Notice that i use the word "predicate" the logic of a computer software, and not prove. And that's because while in math invariant can be used as a proof, it can never prove that the computer software when executed will yield what is expected, due to the fact that the software is executed on top of many abstractions, that can never be proved that they will yield what is expected (think of the hardware abstraction for example).

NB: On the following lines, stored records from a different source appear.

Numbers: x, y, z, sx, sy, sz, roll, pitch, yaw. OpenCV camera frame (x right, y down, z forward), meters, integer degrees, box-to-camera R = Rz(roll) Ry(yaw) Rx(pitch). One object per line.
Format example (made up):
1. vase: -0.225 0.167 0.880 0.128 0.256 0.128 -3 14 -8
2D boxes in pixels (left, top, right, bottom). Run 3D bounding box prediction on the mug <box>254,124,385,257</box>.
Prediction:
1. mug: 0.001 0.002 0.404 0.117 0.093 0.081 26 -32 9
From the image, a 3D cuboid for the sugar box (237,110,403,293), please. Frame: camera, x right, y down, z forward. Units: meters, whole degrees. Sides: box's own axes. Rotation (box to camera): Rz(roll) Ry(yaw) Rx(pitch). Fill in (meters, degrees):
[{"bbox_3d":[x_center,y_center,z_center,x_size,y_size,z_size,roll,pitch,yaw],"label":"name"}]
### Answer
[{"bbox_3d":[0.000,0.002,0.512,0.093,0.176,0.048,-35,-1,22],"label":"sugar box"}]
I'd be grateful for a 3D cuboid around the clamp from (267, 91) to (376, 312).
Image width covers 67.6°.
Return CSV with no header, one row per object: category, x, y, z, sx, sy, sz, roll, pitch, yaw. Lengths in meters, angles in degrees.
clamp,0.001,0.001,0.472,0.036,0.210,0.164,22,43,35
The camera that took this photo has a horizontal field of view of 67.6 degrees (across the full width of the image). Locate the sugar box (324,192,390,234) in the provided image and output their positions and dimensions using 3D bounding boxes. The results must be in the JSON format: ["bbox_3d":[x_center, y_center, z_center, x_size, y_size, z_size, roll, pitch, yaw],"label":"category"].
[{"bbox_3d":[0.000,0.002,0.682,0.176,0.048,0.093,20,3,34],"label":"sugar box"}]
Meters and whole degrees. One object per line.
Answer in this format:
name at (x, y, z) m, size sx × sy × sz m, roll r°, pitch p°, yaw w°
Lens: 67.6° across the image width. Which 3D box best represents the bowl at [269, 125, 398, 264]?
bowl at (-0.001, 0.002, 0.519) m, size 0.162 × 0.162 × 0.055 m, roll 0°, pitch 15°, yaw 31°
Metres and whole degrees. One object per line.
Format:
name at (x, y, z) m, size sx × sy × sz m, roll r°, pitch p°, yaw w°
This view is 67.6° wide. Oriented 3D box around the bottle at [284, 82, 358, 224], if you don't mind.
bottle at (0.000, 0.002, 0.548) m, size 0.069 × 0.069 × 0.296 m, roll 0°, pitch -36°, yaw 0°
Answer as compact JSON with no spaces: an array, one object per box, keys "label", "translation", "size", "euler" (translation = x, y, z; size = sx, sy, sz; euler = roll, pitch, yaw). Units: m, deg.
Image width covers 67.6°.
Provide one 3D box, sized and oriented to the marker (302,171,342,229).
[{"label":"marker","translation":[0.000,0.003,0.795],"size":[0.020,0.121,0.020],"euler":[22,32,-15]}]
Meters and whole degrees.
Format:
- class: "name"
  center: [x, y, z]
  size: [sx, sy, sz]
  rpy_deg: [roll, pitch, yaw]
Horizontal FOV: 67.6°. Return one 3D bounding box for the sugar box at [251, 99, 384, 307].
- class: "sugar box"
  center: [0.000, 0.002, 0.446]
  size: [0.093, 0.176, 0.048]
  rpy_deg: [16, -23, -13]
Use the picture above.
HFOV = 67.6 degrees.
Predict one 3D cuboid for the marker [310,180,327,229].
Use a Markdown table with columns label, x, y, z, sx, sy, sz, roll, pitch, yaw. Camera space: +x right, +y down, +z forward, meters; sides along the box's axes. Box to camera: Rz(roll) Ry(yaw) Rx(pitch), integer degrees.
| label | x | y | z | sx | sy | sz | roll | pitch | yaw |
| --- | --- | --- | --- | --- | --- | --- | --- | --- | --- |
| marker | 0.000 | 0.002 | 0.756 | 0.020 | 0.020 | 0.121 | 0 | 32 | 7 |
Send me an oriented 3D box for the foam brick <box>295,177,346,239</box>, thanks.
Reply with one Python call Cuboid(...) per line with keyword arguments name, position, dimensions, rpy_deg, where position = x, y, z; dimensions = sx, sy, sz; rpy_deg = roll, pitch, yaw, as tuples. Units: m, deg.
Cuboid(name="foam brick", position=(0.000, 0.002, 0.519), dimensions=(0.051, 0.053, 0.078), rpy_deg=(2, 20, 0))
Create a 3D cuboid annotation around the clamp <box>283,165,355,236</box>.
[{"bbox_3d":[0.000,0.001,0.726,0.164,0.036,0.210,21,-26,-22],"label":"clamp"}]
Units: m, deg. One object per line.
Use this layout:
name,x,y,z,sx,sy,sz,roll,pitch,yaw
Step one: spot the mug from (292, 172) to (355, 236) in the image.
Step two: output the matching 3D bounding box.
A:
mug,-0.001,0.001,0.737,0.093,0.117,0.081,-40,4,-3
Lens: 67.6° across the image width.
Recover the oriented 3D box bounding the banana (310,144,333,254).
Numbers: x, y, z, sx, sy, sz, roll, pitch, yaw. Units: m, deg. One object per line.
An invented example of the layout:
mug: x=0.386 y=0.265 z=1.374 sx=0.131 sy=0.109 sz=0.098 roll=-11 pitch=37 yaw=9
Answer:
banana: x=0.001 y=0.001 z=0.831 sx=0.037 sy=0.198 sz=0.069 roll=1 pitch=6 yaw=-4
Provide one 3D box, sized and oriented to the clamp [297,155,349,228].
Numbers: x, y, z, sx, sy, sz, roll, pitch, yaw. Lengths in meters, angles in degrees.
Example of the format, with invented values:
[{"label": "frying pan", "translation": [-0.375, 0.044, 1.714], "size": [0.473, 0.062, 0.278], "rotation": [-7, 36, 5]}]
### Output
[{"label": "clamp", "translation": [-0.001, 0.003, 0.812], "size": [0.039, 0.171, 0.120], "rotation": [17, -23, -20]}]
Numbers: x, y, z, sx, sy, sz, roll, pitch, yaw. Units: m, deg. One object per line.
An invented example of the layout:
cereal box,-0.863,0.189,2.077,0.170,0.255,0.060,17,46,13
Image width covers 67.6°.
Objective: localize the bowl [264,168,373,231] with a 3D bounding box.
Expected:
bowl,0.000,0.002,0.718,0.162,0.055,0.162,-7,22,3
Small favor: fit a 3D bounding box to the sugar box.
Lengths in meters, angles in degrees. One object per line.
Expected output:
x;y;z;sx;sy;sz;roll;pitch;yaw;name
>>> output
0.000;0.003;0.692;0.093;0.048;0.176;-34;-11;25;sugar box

Finally while theoretically and rigorously predicting software logic is only important for high critical applications like Medical, and Military ones. Invariant can still be used to aid the typical programmer when debugging. It can be used to know where at a certain location The program failed because it has failed to maintain a certain invariant - many of us use it anyway without giving a thought about it.
Class Invariant
Class Invariant is a condition which should be always true before and after calling relevant function
For example balanced tree has an Invariant which is called isBalanced. When you modify your tree through some methods (e.g. addNode, removeNode...) - isBalanced should be always true before and after modifying the tree
Following on from what it is, invariants are quite useful in writing clean code, since knowing conceptually what invariants should be present in your code allows you to easily decide how to organize your code to reach those aims. As mentioned ealier, they're also useful in debugging, as checking to see if the invariant's being maintained is often a good way of seeing if whatever manipulation you're attempting to perform is actually doing what you want it to.
It's typically a quantity that does not change under certain mathematical operations.
An example is a scalar, which does not change under rotations. In magnetic resonance imaging, for example, it is useful to characterize a tissue property by a rotational invariant, because then its estimation ideally does not depend on the orientation of the body in the scanner.
The ADT invariant specifes relationships
among the data fields (instance variables)
that must always be true before and after
the execution of any instance method.
There is an excellent example of an invariant and why it matters in the book Java Concurrency in Practice.
Although Java-centric, the example describes some code that is responsible for calculating the factors of a provided integer. The example code attempts to cache the last number provided, and the factors that were calculated to improve performance. In this scenario there is an invariant that was not accounted for in the example code which has left the code susceptible to race conditions in a concurrent scenario.